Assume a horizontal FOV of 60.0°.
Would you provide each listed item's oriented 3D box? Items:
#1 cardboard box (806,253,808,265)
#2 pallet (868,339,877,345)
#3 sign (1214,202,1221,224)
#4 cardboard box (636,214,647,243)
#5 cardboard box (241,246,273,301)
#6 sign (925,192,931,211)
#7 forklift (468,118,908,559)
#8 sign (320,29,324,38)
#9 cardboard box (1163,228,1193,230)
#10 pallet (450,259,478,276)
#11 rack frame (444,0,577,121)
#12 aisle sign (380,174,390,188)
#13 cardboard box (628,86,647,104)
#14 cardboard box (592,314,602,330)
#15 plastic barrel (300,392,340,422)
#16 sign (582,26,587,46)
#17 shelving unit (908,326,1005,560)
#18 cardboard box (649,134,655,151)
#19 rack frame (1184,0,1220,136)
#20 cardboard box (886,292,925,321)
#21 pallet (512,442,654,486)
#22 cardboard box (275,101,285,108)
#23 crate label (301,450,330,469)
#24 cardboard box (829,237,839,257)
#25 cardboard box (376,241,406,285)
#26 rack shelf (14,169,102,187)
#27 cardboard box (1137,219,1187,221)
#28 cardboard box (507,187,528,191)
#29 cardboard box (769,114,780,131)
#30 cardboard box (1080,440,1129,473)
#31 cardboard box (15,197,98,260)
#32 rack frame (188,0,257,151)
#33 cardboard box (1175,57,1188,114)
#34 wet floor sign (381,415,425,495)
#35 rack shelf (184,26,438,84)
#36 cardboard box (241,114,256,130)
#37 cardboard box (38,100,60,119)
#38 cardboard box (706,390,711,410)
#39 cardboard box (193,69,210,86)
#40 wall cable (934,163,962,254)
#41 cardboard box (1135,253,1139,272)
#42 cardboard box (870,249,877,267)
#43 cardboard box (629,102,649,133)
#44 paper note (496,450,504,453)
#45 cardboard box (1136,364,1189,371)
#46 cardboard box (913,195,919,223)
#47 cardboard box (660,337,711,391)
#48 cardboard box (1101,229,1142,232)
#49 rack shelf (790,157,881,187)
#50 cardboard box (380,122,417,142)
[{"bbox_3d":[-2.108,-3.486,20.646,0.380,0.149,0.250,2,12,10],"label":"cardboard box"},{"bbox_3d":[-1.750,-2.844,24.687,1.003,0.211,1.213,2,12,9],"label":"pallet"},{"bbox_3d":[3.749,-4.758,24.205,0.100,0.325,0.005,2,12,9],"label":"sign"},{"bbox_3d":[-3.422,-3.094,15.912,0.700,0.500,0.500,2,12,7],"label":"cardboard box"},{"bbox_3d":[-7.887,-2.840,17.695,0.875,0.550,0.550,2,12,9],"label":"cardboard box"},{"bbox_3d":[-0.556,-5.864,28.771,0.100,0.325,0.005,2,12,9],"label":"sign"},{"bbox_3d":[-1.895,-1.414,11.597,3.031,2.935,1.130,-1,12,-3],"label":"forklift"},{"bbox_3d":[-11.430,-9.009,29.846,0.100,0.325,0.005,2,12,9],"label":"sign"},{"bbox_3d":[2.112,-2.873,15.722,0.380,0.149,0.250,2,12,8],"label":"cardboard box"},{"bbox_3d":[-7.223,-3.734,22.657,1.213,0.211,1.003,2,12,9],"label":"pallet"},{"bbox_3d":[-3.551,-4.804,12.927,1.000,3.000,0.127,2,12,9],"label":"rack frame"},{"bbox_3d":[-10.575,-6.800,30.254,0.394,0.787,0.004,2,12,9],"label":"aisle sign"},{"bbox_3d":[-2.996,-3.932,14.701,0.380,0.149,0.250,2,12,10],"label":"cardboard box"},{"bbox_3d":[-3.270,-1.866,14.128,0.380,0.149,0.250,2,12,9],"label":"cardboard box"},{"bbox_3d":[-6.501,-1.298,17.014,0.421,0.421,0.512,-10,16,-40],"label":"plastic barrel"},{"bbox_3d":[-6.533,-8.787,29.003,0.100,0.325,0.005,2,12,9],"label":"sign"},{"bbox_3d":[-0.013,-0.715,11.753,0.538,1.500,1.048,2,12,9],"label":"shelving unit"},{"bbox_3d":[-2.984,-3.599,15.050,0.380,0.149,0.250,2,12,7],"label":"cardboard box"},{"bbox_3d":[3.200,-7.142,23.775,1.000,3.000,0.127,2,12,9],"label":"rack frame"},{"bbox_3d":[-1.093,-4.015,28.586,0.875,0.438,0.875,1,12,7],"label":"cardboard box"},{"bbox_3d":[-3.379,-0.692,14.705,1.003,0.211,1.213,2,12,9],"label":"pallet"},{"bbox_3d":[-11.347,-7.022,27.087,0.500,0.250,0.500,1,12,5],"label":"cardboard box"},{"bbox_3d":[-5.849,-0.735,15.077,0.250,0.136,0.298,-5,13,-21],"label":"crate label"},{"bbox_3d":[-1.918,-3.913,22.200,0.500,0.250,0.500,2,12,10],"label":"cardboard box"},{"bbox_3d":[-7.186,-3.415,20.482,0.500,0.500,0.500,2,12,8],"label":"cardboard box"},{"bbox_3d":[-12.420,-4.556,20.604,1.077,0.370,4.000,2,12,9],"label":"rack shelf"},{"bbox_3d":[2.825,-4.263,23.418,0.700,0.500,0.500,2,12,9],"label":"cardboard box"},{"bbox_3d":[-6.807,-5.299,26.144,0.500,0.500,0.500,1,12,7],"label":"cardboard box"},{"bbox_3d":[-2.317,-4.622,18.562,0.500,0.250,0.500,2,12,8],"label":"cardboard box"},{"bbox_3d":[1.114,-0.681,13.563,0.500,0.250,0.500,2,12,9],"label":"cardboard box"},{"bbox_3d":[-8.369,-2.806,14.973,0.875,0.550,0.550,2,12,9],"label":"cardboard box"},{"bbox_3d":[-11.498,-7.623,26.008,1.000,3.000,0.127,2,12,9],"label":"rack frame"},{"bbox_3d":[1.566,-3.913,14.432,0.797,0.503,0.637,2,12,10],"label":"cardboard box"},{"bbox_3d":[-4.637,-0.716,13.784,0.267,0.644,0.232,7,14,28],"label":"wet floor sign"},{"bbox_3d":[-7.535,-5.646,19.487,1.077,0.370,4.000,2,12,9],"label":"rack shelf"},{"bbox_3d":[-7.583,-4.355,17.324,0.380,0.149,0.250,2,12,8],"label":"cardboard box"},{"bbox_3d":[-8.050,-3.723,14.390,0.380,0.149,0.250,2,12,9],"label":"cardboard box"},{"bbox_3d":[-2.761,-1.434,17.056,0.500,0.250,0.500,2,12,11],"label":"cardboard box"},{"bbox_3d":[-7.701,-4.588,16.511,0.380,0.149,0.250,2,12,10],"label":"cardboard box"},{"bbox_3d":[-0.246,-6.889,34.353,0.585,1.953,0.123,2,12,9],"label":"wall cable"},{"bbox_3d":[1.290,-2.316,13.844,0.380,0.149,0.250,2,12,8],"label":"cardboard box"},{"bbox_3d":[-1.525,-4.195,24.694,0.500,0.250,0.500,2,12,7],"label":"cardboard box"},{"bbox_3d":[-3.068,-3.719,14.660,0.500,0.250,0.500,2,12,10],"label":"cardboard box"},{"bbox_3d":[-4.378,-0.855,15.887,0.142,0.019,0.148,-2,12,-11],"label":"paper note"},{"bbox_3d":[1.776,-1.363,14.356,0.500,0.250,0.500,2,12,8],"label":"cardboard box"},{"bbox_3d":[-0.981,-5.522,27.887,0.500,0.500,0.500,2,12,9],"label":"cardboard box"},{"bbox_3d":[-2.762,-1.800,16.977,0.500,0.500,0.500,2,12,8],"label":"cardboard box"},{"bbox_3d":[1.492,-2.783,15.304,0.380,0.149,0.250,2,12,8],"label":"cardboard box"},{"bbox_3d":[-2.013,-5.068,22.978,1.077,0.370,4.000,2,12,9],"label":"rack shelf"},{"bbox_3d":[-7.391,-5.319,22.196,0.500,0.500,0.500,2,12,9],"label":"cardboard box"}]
◇ ◇ ◇ ◇ ◇
> [Task statement]: Although the records may continue, retype only the lines from the first one through the one containing "#19 rack frame (1184,0,1220,136)", exactly as they appear.

> [Reply to the exercise]:
Assume a horizontal FOV of 60.0°.
Would you provide each listed item's oriented 3D box? Items:
#1 cardboard box (806,253,808,265)
#2 pallet (868,339,877,345)
#3 sign (1214,202,1221,224)
#4 cardboard box (636,214,647,243)
#5 cardboard box (241,246,273,301)
#6 sign (925,192,931,211)
#7 forklift (468,118,908,559)
#8 sign (320,29,324,38)
#9 cardboard box (1163,228,1193,230)
#10 pallet (450,259,478,276)
#11 rack frame (444,0,577,121)
#12 aisle sign (380,174,390,188)
#13 cardboard box (628,86,647,104)
#14 cardboard box (592,314,602,330)
#15 plastic barrel (300,392,340,422)
#16 sign (582,26,587,46)
#17 shelving unit (908,326,1005,560)
#18 cardboard box (649,134,655,151)
#19 rack frame (1184,0,1220,136)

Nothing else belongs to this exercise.